▸ **WORK ORDER**
With the pictures omitted, write out the entries that follow exactly as they stand.

▸ **SUPPLIED RECORDS**
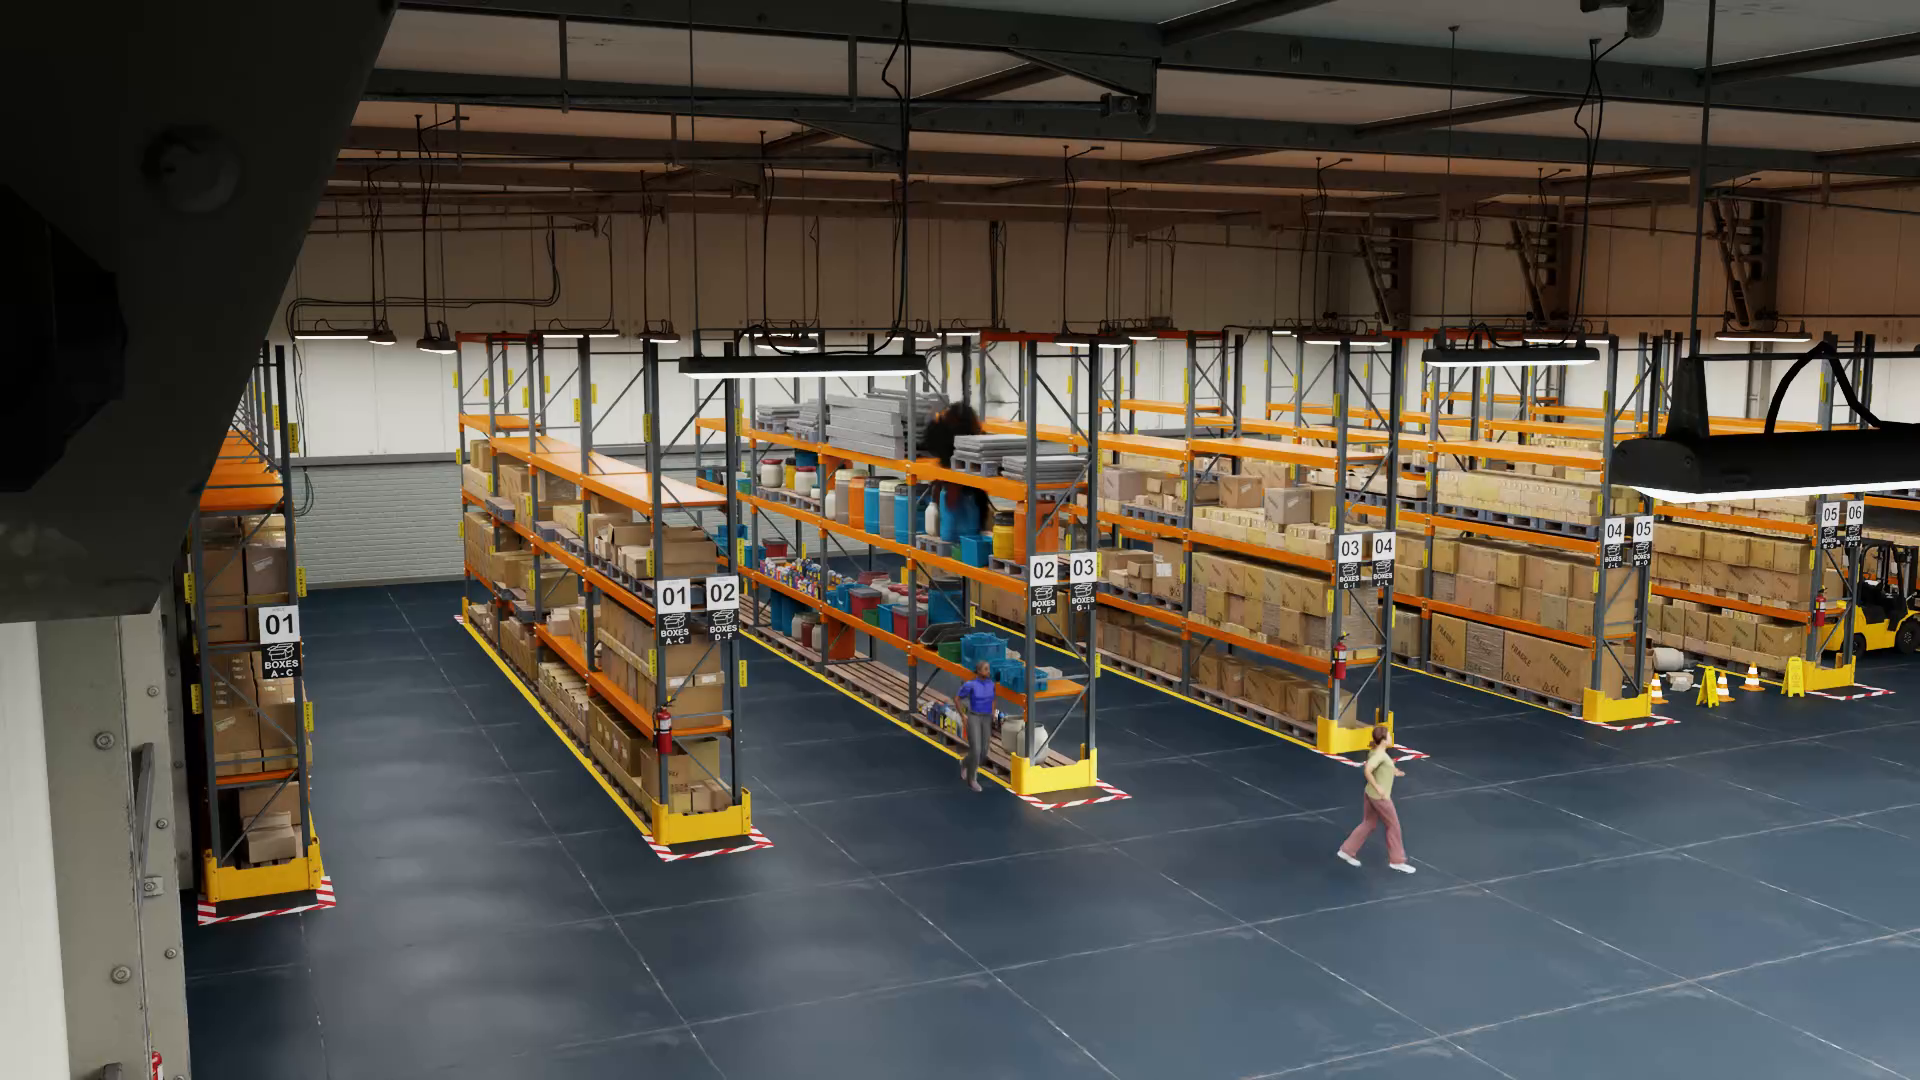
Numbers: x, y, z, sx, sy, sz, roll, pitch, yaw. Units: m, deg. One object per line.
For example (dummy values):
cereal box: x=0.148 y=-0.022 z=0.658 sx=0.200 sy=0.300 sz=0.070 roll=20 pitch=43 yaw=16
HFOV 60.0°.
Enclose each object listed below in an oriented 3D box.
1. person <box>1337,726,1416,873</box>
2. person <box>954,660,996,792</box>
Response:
person: x=4.755 y=2.940 z=18.927 sx=0.882 sy=1.680 sz=0.578 roll=0 pitch=8 yaw=-2
person: x=0.231 y=2.385 z=21.532 sx=0.616 sy=1.615 sz=0.629 roll=-5 pitch=9 yaw=-34

▸ **ANSWER BOX**
Numbers: x, y, z, sx, sy, sz, roll, pitch, yaw. Units: m, deg. One object per line.
For example (dummy values):
cereal box: x=0.148 y=-0.022 z=0.658 sx=0.200 sy=0.300 sz=0.070 roll=20 pitch=43 yaw=16
HFOV 60.0°.
Enclose each object listed below in an oriented 3D box.
1. person <box>1337,726,1416,873</box>
2. person <box>954,660,996,792</box>
Response:
person: x=4.755 y=2.940 z=18.927 sx=0.882 sy=1.680 sz=0.578 roll=0 pitch=8 yaw=-2
person: x=0.231 y=2.385 z=21.532 sx=0.616 sy=1.615 sz=0.629 roll=-5 pitch=9 yaw=-34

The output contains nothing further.